Member of the French Senate for Calvados
- In office 1 October 1998 – 30 September 2014
- Preceded by: Philippe de Bourgoing
- Succeeded by: Pascal Allizard

President of the Regional Council of Lower Normandy
- In office 21 March 1986 – 2 April 2004
- Preceded by: Michel d'Ornano
- Succeeded by: Philippe Duron

Member of the National Assembly for Calvados's 6th constituency
- In office 23 June 1988 – 21 April 1997
- Succeeded by: Alain Tourret

Personal details
- Born: 24 December 1934 Lanvéoc, France
- Died: 12 October 2023 (aged 88) Paris, France
- Party: RPR UMP
- Alma mater: University of Caen Normandy

= René Garrec =

French politician (1934–2023)

René Garrec (24 December 1934 – 12 October 2023) was a French politician who was a member of the Senate, representing the Calvados department as a member of The Republicans. He died in Paris on 12 October 2023, at the age of 88.

==Biography==
Born in Brittany, René Garrec pursued his career in Normandy after spending 30 months in Algeria as an officer in the army. With a law degree, a postgraduate degree in public law and political economy, and a diploma from the Caen Institute of Business Administration (IAE), he became an assistant lecturer and then a lecturer in economics at the University of Caen Normandy. In 1969, he was elected city councilor of Caen.

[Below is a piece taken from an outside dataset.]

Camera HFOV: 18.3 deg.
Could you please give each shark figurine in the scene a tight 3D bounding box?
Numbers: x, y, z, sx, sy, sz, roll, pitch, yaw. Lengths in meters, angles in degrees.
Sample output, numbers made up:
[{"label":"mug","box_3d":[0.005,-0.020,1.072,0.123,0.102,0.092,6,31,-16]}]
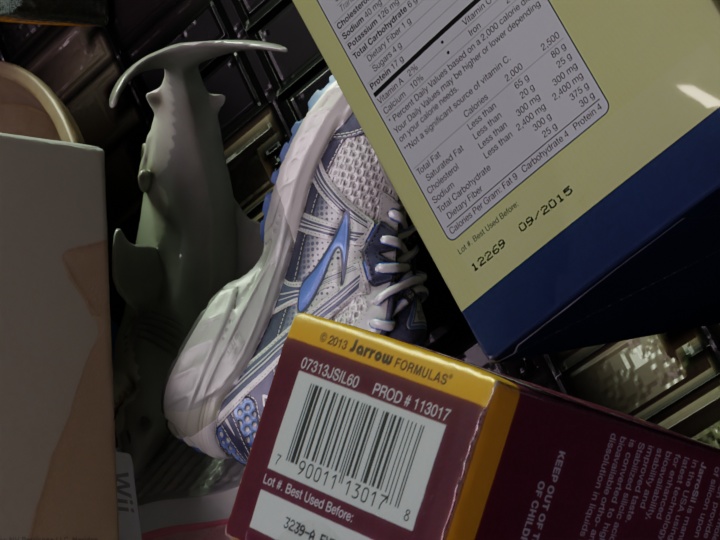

Subsequently, his career became inseparable from that of Michel d'Ornano, the influential mayor of Deauville. He followed him to the Ministry of Industry, then to the Ministry of Culture and the Environment as a special advisor. In 1986, Garrec took his place in the Lower Normandy region and remained president of the regional council for 18 years, before being defeated in 2004 by the socialist Philippe Duron, who took advantage of the wear and tear of power and the division of the regional right between René Garrec and the UDF's Philippe Augier.

Elected deputy for Calvados in 1988, re-elected in 1993 against Olivier Stirn with 55.25% of the vote, he was narrowly defeated in June 1997 by the radical Alain Tourret. He became senator for Calvados on September 27, 1998, and was re-elected on September 21, 2008, beating socialist Clotilde Valter by just 62 votes, thanks to the support of Green Party candidate Josiane Lowy in the second round. His deputy in the Senate is Pascal Allizard, mayor of Condé-sur-Noireau and vice-president of Anne d'Ornano in the Calvados General Council. On October 1, although he was not a candidate for the “plateau,” he received 19 votes in the election for Senate president, which was ultimately won by former minister Gérard Larcher. He also chaired the Senate Law Commission, then served as first quaestor of the Senate and then second quaestor.

Close to Jacques Chirac and Jean-Pierre Raffarin, he simultaneously joined the Council of State as a maître des requêtes (senior clerk), then became a conseiller d'État (senior advisor) in 1997. He retired in 2000.

He is not running for re-election to the Senate in September 2014, but is supporting Pascal Allizard list.

He died on October 12, 2023, at the age of 88.